Ce magistrat a rendu compte des plaidoiries dans le délibéré de la Cour, composée de :
Madame Marie-Andrée BAUMANN, Présidente de chambre,
Madame Sylvie LEROY, Conseillère,
Madame Emmanuelle PERIER, Vice-Présidente placée,
Greffier, lors des débats : Madame Mélissandre PHILÉAS
ARRÊT :
— contradictoire
— par mise à disposition de l’arrêt au greffe de la Cour, les parties en ayant été préalablement avisées dans les conditions prévues au deuxième alinéa de l’article 450 du code de procédure civile.
— signé par Marie-Andrée BAUMANN, et par Mélissandre PHILÉAS, Greffier, présent lors de la mise à disposition.
M. [K] [I], atteint d’une hémophilie A modérée depuis sa naissance, a reçu la transfusion de nombreux produits sanguins, dont la plupart en 1981 ; en 1990 il a été découvert porteur du virus de l’hépatite C (VHC).
Un premier traitement mis en place à partir de janvier 2002 puis un second à compter d’octobre 2004 n’ont pas permis d’éradiquer le virus.
Après expertise ordonnée en référé à la demande de M. [K] [I] et confiée au professeur [P] [X] qui a déposé son rapport le 3 avril 2006, l’Office national d’indemnisation des accidents médicaux, des affections iatrogènes et des maladies nosocomiales (l’ONIAM), par décision du 30 octobre 2012, a reconnu l’origine transfusionnelle de la contamination, et a présenté, au titre des préjudices temporaires, une offre d’indemnisation partielle d’un montant de 28 964 euros, acceptée par M. [K] [I] dont l’état n’était pas consolidé.
L’ONIAM a également indemnisé les ayants droit de M. [K] [I] à hauteur de 67 979 euros, à la suite de 14 protocoles d’accord transactionnels.
Par jugement du 19 décembre 2013, le tribunal administratif de Nantes a, d’une part, acté le désistement d’instance de M. [K] [I], à la suite de son indemnisation, et, d’autre part, après avoir retenu dans ses motifs l’origine transfusionnelle de sa contamination par le VHC, a condamné l’ONIAM à verser à la caisse primaire d’assurance maladie de Loire-Atlantique notamment la somme de 584 446,32 euros.
L’ONIAM a émis un premier titre exécutoire n°2018-607, le 4 juillet 2018, d’un montant de 652 425,32 euros correspondant à l’indemnisation provisionnelle acceptée par M. [K] [I] et ses proches ainsi qu’à la créance de la CPAM.
M. [I] qui a bénéficié en 2014 d’un nouveau traitement qui, cette fois, a permis l’éradication du virus, a adressé une demande d’indemnisation définitive à l’ONIAM.
Après une nouvelle expertise confiée au docteur [M] qui a déposé son rapport le 20 février 2017, M. [K] [I] a sollicité la liquidation de son préjudice.
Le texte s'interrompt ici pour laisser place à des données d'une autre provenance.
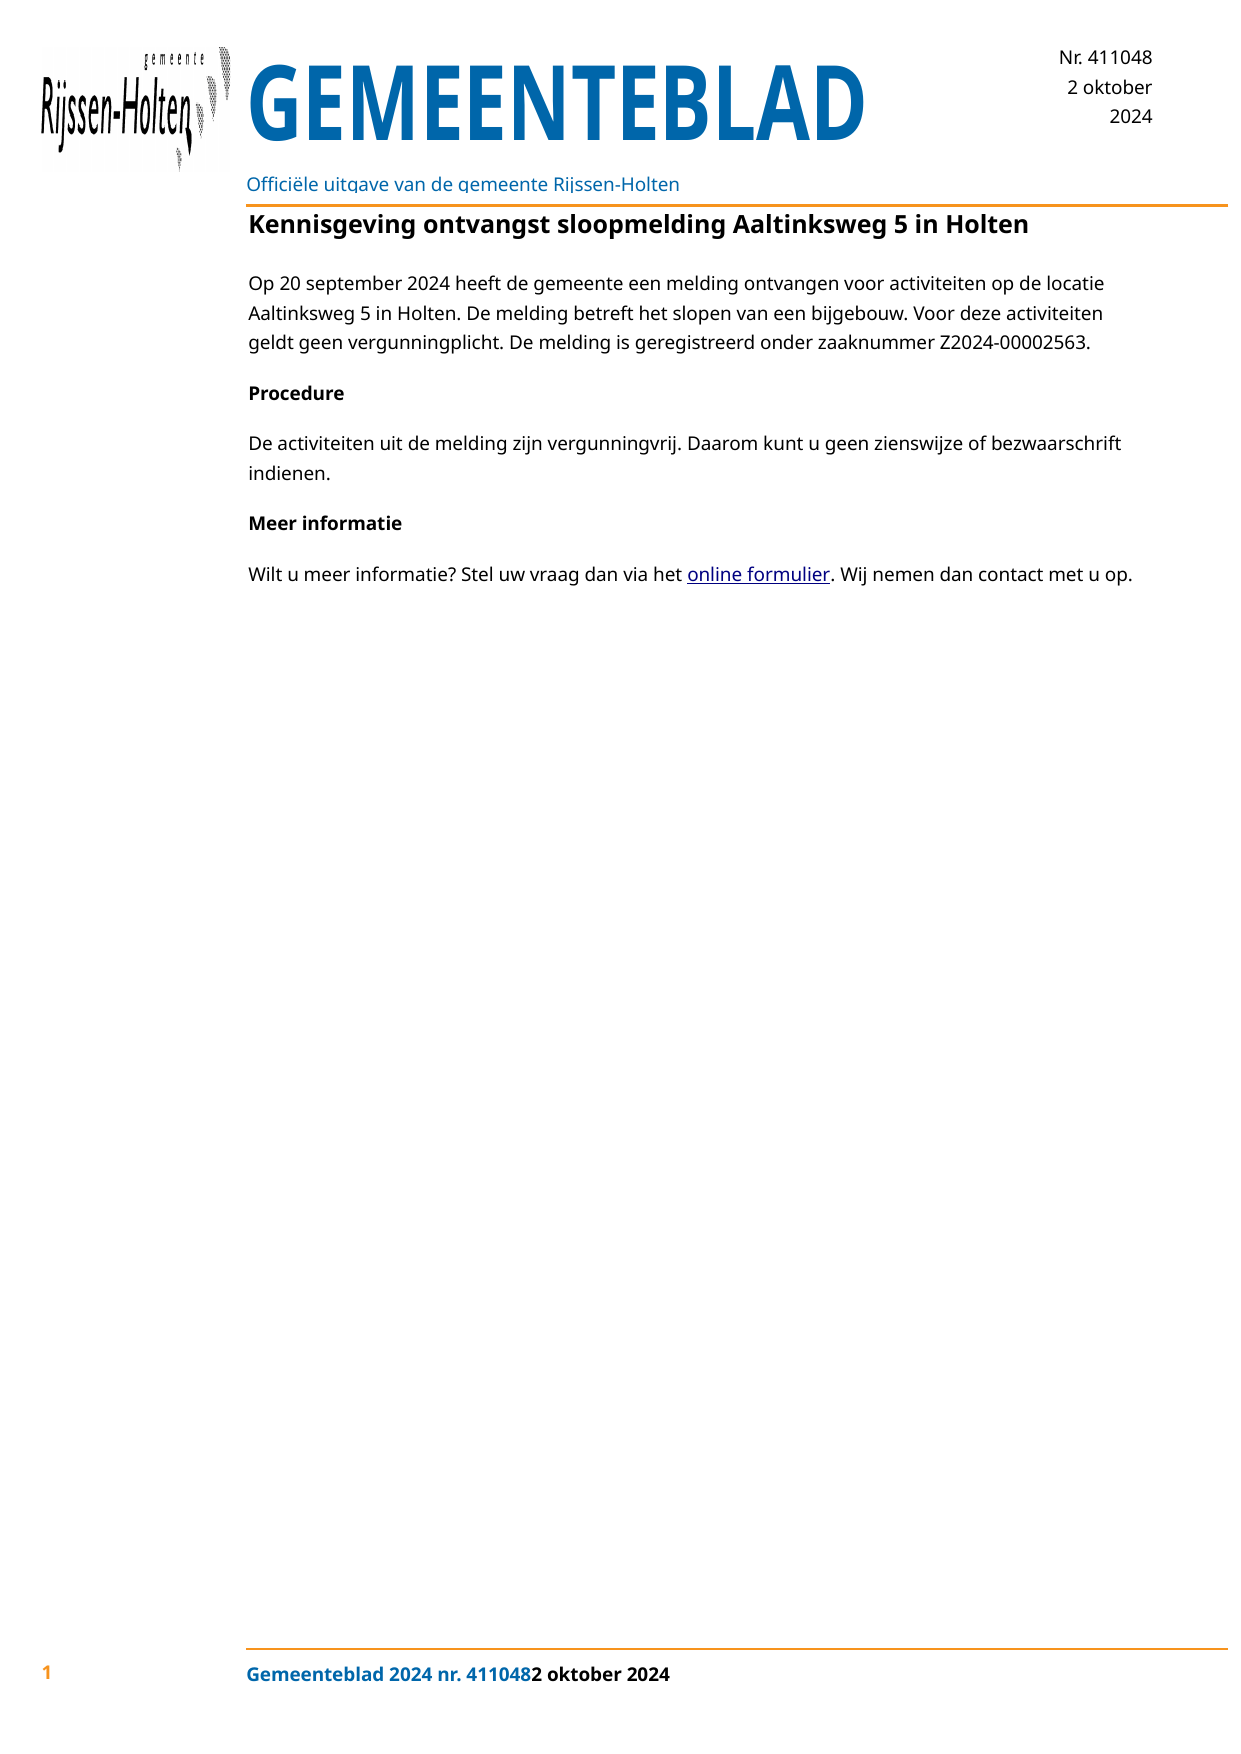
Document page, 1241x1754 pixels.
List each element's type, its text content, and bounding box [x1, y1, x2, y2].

text Procedure [248, 380, 1152, 406]
text Wilt u meer informatie? Stel uw vraag dan via het online formulier. Wij nemen dan contact met u op. [248, 561, 1152, 586]
text Kennisgeving ontvangst sloopmelding Aaltinksweg 5 in Holten [248, 207, 1152, 241]
picture [41, 47, 231, 172]
text Meer informatie [248, 510, 1152, 536]
text Op 20 september 2024 heeft de gemeente een melding ontvangen voor activiteiten op de locatie Aaltinksweg 5 in Holten. De melding betreft het slopen van een bijgebouw. Voor deze activiteiten geldt geen vergunningplicht. De melding is geregistreerd onder zaaknummer Z2024-00002563. [248, 270, 1152, 355]
text De activiteiten uit de melding zijn vergunningvrij. Daarom kunt u geen zienswijze of bezwaarschrift indienen. [248, 430, 1152, 486]

A la suite des décisions de la juridiction administrative ayant procédé à la liquidation du préjudice de M. [K] [I], l’ONIAM a adressé à la société SMACL assurances (la SMACL) deux autres titres exécutoires n°2019-977 et n°2021-145, lesquels ne sont pas l’objet du présent incident ; ils ont également été contestés par l’assureur.
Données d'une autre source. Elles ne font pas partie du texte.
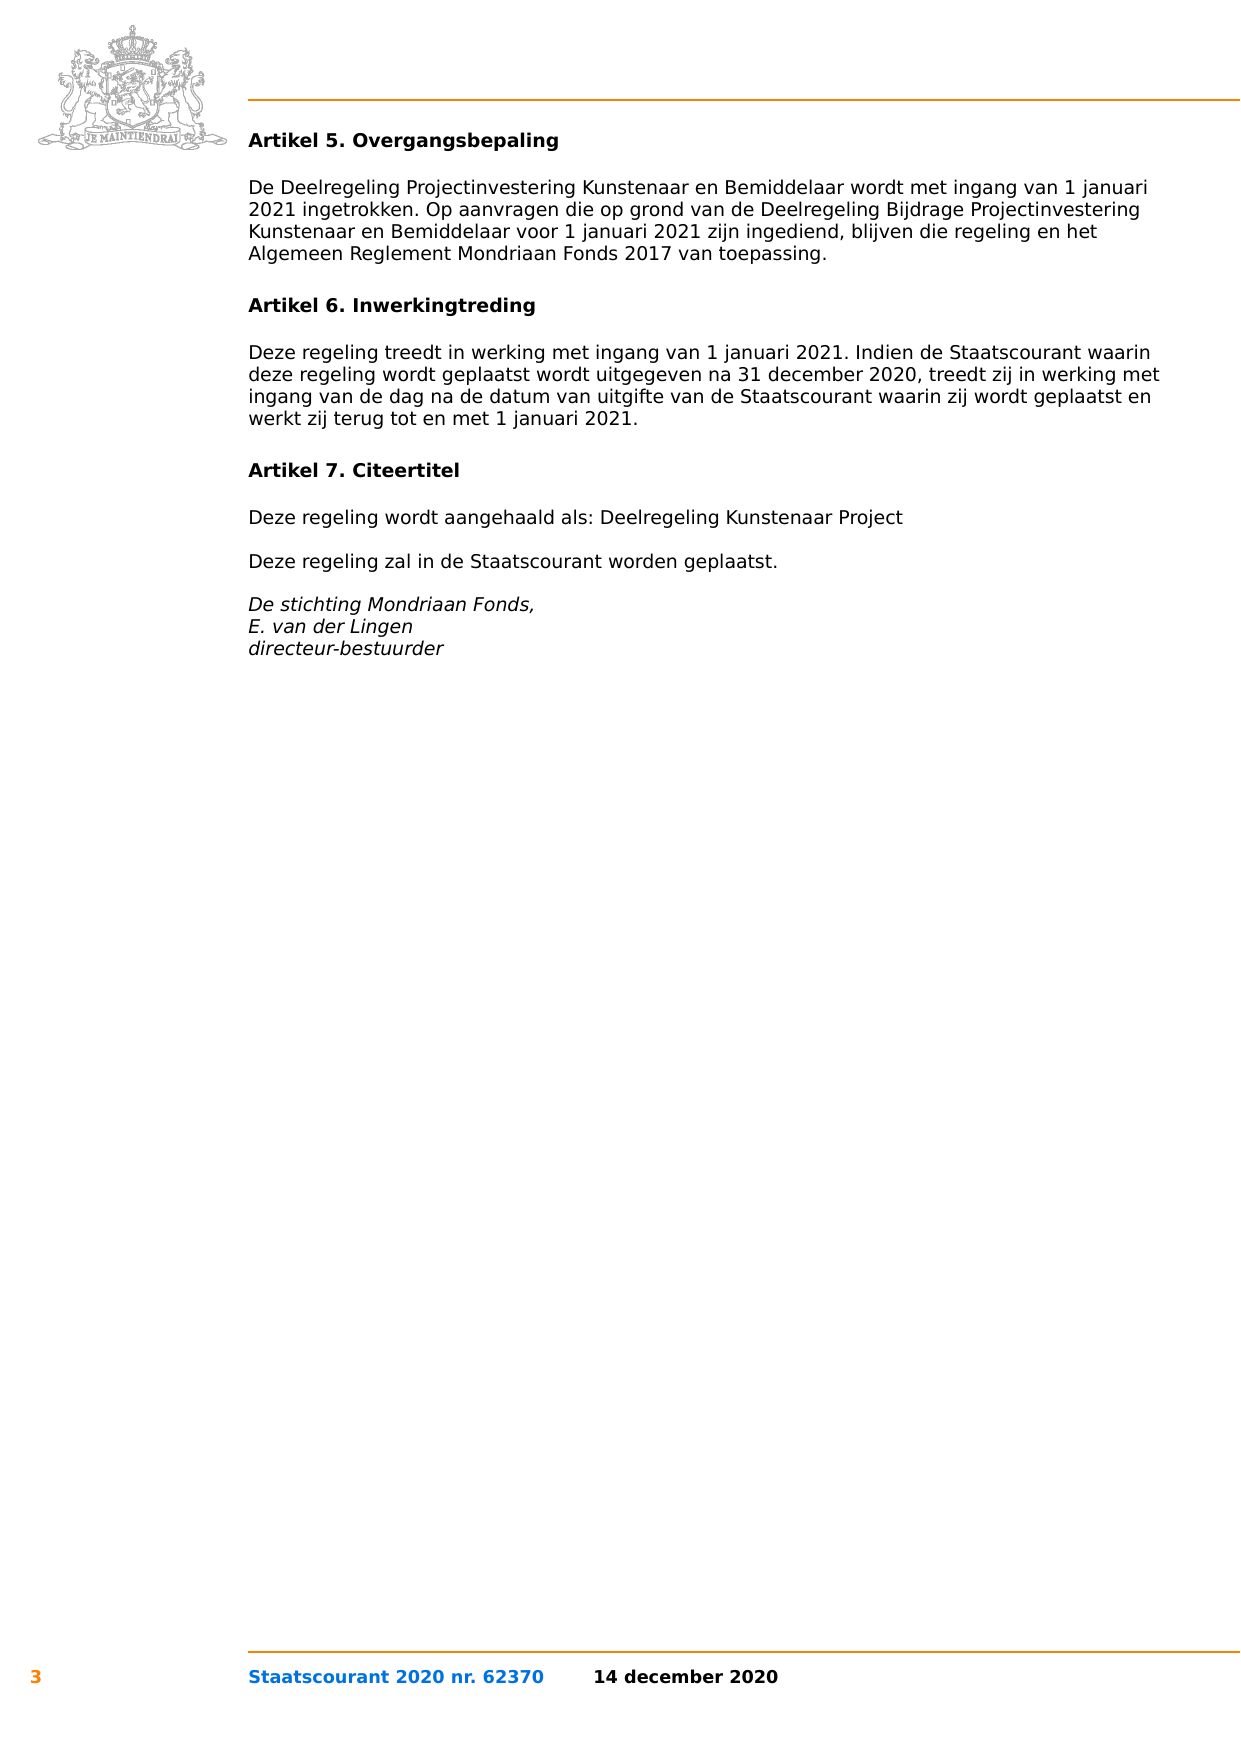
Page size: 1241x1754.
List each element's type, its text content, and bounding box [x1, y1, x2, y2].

text De stichting Mondriaan Fonds, E. van der Lingen directeur-bestuurder [248, 594, 1163, 660]
text Deze regeling treedt in werking met ingang van 1 januari 2021. Indien de Staatscourant waarin deze regeling wordt geplaatst wordt uitgegeven na 31 december 2020, treedt zij in werking met ingang van de dag na de datum van uitgifte van de Staatscourant waarin zij wordt geplaatst en werkt zij terug tot en met 1 januari 2021. [248, 342, 1163, 430]
text Deze regeling wordt aangehaald als: Deelregeling Kunstenaar Project [248, 507, 1163, 529]
subtitle Artikel 5. Overgangsbepaling [248, 130, 1163, 152]
subtitle Artikel 7. Citeertitel [248, 460, 1163, 482]
picture [38, 25, 227, 150]
subtitle Artikel 6. Inwerkingtreding [248, 295, 1163, 317]
text Deze regeling zal in de Staatscourant worden geplaatst. [248, 551, 1163, 572]
text De Deelregeling Projectinvestering Kunstenaar en Bemiddelaar wordt met ingang van 1 januari 2021 ingetrokken. Op aanvragen die op grond van de Deelregeling Bijdrage Projectinvestering Kunstenaar en Bemiddelaar voor 1 januari 2021 zijn ingediend, blijven die regeling en het Algemeen Reglement Mondriaan Fonds 2017 van toepassing. [248, 177, 1163, 265]

Par acte du 26 novembre 2018, la SMACL, en sa qualité d’assureur du centre de transfusion sanguine de Nantes, a fait assigner l’ONIAM devant le tribunal administratif de Montreuil en annulation du titre exécutoire n°2018-607, émis à son encontre le 4 juillet 2018, en remboursement de la somme indemnitaire de 652 425,32 euros.
Par ordonnance du 19 juillet 2019, le tribunal administratif s’est estimé territorialement incompétent pour trancher le litige, et a transmis le dossier au tribunal administratif de
Nantes, lequel s’est déclaré incompétent par ordonnance du 18 octobre 2021.
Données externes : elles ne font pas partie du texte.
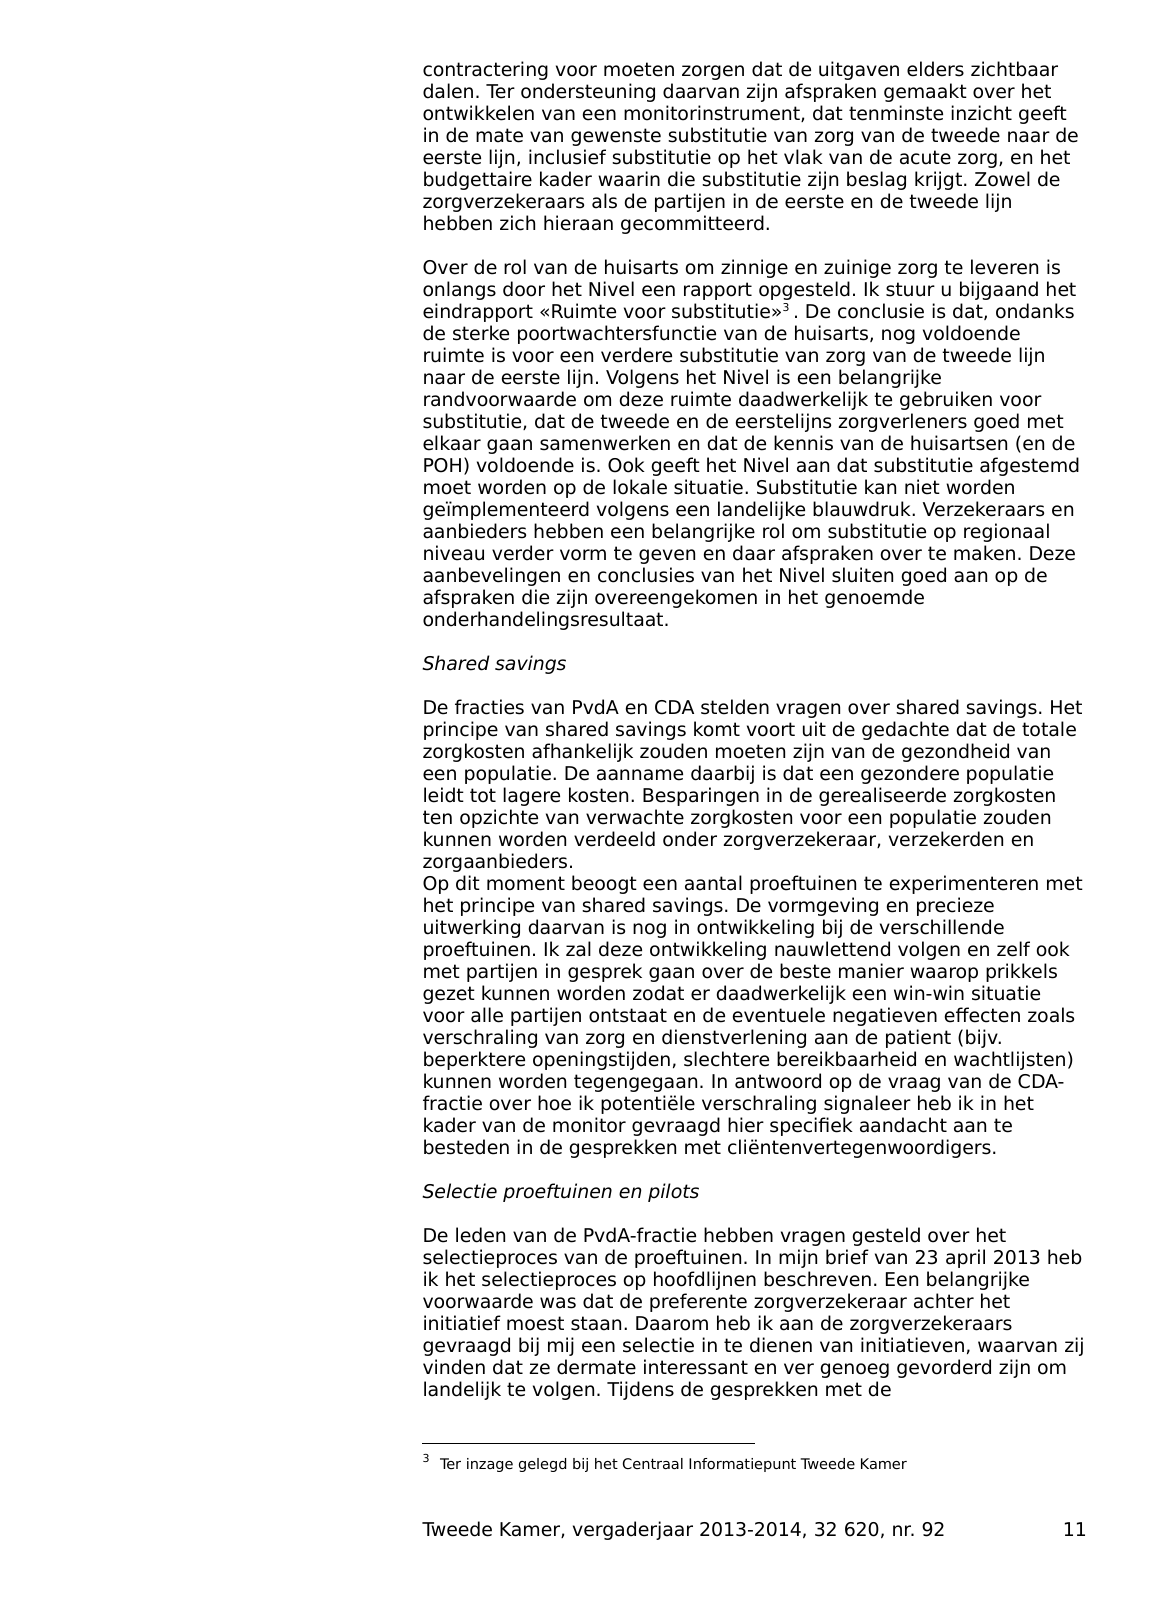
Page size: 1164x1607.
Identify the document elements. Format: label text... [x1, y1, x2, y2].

text Ter inzage gelegd bij het Centraal Informatiepunt Tweede Kamer [422, 1452, 1087, 1474]
text De fracties van PvdA en CDA stelden vragen over shared savings. Het principe van shared savings komt voort uit de gedachte dat de totale zorgkosten afhankelijk zouden moeten zijn van de gezondheid van een populatie. De aanname daarbij is dat een gezondere populatie leidt tot lagere kosten. Besparingen in de gerealiseerde zorgkosten ten opzichte van verwachte zorgkosten voor een populatie zouden kunnen worden verdeeld onder zorgverzekeraar, verzekerden en zorgaanbieders. [422, 697, 1087, 873]
subtitle Shared savings [422, 653, 1087, 675]
text Op dit moment beoogt een aantal proeftuinen te experimenteren met het principe van shared savings. De vormgeving en precieze uitwerking daarvan is nog in ontwikkeling bij de verschillende proeftuinen. Ik zal deze ontwikkeling nauwlettend volgen en zelf ook met partijen in gesprek gaan over de beste manier waarop prikkels gezet kunnen worden zodat er daadwerkelijk een win-win situatie voor alle partijen ontstaat en de eventuele negatieven effecten zoals verschraling van zorg en dienstverlening aan de patient (bijv. beperktere openingstijden, slechtere bereikbaarheid en wachtlijsten) kunnen worden tegengegaan. In antwoord op de vraag van de CDA-fractie over hoe ik potentiële verschraling signaleer heb ik in het kader van de monitor gevraagd hier specifiek aandacht aan te besteden in de gesprekken met cliëntenvertegenwoordigers. [422, 873, 1087, 1159]
text De leden van de PvdA-fractie hebben vragen gesteld over het selectieproces van de proeftuinen. In mijn brief van 23 april 2013 heb ik het selectieproces op hoofdlijnen beschreven. Een belangrijke voorwaarde was dat de preferente zorgverzekeraar achter het initiatief moest staan. Daarom heb ik aan de zorgverzekeraars gevraagd bij mij een selectie in te dienen van initiatieven, waarvan zij vinden dat ze dermate interessant en ver genoeg gevorderd zijn om landelijk te volgen. Tijdens de gesprekken met de [422, 1225, 1087, 1401]
text Over de rol van de huisarts om zinnige en zuinige zorg te leveren is onlangs door het Nivel een rapport opgesteld. Ik stuur u bijgaand het eindrapport «Ruimte voor substitutie». De conclusie is dat, ondanks de sterke poortwachtersfunctie van de huisarts, nog voldoende ruimte is voor een verdere substitutie van zorg van de tweede lijn naar de eerste lijn. Volgens het Nivel is een belangrijke randvoorwaarde om deze ruimte daadwerkelijk te gebruiken voor substitutie, dat de tweede en de eerstelijns zorgverleners goed met elkaar gaan samenwerken en dat de kennis van de huisartsen (en de POH) voldoende is. Ook geeft het Nivel aan dat substitutie afgestemd moet worden op de lokale situatie. Substitutie kan niet worden geïmplementeerd volgens een landelijke blauwdruk. Verzekeraars en aanbieders hebben een belangrijke rol om substitutie op regionaal niveau verder vorm te geven en daar afspraken over te maken. Deze aanbevelingen en conclusies van het Nivel sluiten goed aan op de afspraken die zijn overeengekomen in het genoemde onderhandelingsresultaat. [422, 257, 1087, 631]
subtitle Selectie proeftuinen en pilots [422, 1181, 1087, 1203]
text contractering voor moeten zorgen dat de uitgaven elders zichtbaar dalen. Ter ondersteuning daarvan zijn afspraken gemaakt over het ontwikkelen van een monitorinstrument, dat tenminste inzicht geeft in de mate van gewenste substitutie van zorg van de tweede naar de eerste lijn, inclusief substitutie op het vlak van de acute zorg, en het budgettaire kader waarin die substitutie zijn beslag krijgt. Zowel de zorgverzekeraars als de partijen in de eerste en de tweede lijn hebben zich hieraan gecommitteerd. [422, 59, 1087, 235]

Par exploit du 31 décembre 2021, la SMACL a fait assigner l’ONIAM devant le tribunal judiciaire de Bobigny aux fins d’annulation non seulement du titre n°2018-607 mais aussi des titres n°2019-977 et n°2021-145.
Par ordonnance du 21 février 2024, le juge de la mise en état a débouté l’ONIAM de son exception tirée de la forclusion concernant l’action en annulation du titre n°2018-607, l’a condamné à verser à la SMACL la somme de 2 500 euros en application de l’article 700 du code de procédure civile, a renvoyé la cause et les parties à une audience ultérieure et réservé les dépens.
L’ONIAM a interjeté appel de cette ordonnance par déclaration du 13 mars 2024.
Par conclusions notifiées par la voie électronique le 14 juin 2025, l’ONIAM demande à la cour de :
— infirmer l’ordonnance déférée en toutes ses dispositions,
Statuant à nouveau,
— déclarer irrecevable comme forclose la demande d’annulation formulée par la SMACL à l’encontre du titre exécutoire n°2018-607,
— débouter la SMACL de ses plus amples demandes, et la condamner à lui verser la somme de 2 500 euros en application de l’article 700 du code de procédure civile ainsi qu’aux dépens recouvrés conformément aux dispositions de l’article 699 du code de procédure civile.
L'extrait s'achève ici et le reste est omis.